I believe that a very high threshold must be met before the use
of military force by the U.S. can be justified. It must be truly
a last resort, used only after all reasonable diplomatic and
other non-violent alternatives have been exhausted. Our goals
must be clear, the means proportionate, the prospects for success
strong, and Congress must be consulted thoroughly and in advance
on its use. I believe these criteria have been met in Kosovo,
and that the effort to deter further ethnic cleansing by the
Serbs justified its use. In our system of checks and balances,
military action of this kind should also have prior Congressional
authorization, as required by the Constitution; I do not believe
that the President should be given a blank check by Congress in
Kosovo. For example, I opposed the expansion of the bombing
campaign to targets within Belgrade, the capital of Yugoslavia.
In this case, I do not believe the limited military utility of
such strikes outweighs the potential for Serb civilian
casualties.

As of the date of this letter, the NATO bombing campaign
continues in Kosovo. In addition, the United States and the
international community have marshaled a huge humanitarian relief
effort to ease the suffering of the hundreds of thousands of
Kosovar refugees who have flooded into Albania, Macedonia,
Montenegro, and Kosovo's other nearby neighbors.

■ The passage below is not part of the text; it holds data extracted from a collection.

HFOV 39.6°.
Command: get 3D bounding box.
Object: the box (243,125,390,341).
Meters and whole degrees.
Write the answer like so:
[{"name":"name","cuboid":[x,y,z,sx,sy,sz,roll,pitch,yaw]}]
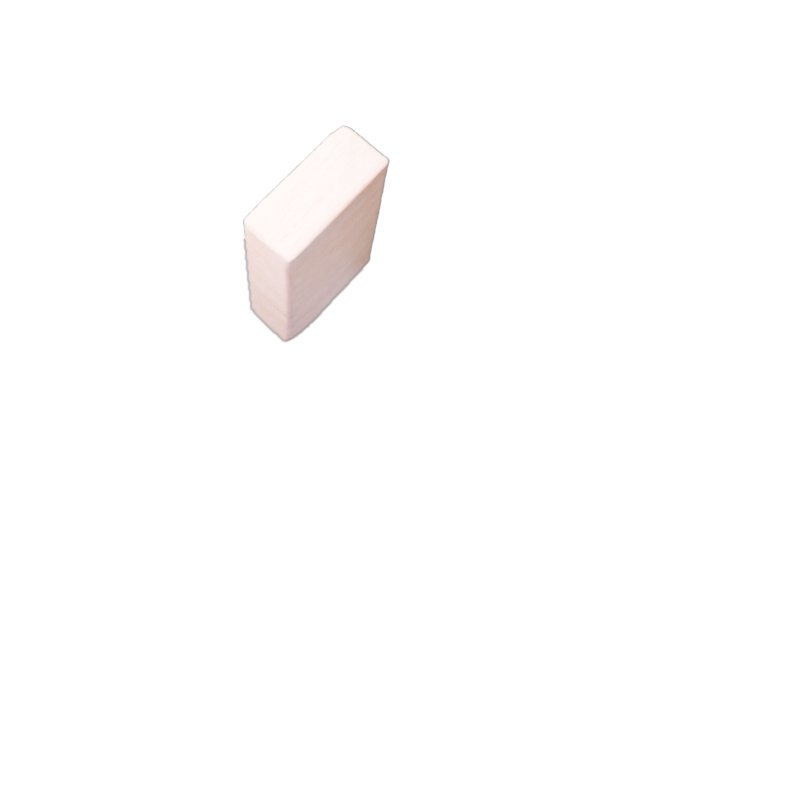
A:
[{"name":"box","cuboid":[-0.058,-0.106,0.739,0.049,0.094,0.169,40,-15,8]}]
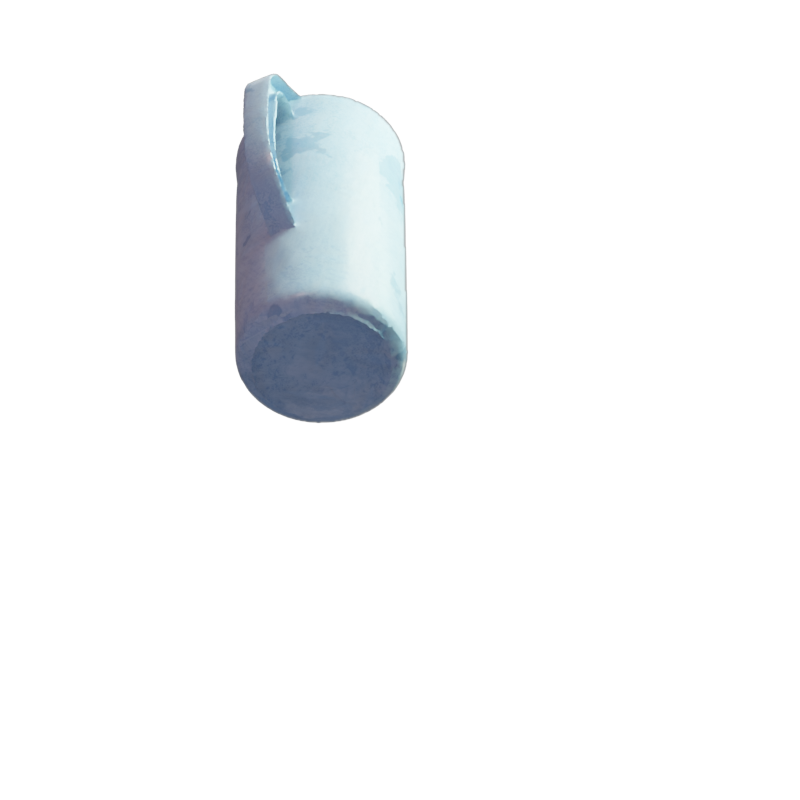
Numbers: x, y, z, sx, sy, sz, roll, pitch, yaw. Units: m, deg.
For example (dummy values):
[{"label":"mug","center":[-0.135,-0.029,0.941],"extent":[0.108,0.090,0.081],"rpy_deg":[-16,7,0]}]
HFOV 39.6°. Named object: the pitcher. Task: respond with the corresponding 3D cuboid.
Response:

It is critical
that the urgent needs of refugees be met and that support be
given to those nations who have accepted large numbers of
displaced persons.

It seems likely that the NATO military intervention in Kosovo
will continue until the government of Serbia agrees, at a
minimum, to halt its ethnic cleansing campaign and allow ethnic
Albanians to return to their homes in an environment that is
secure -- a security guaranteed and verified by an international
military presence.

I offer my unqualified support for U.S. troops participating in
the NATO bombing campaign there and for their families back home.
I have been hoping and praying for a prompt end to the violence
and for their safe return home. I will continue to follow events
in the Balkans very carefully and will keep your comments on this
matter in mind.

Again, thank you for contacting me. Please stay in touch.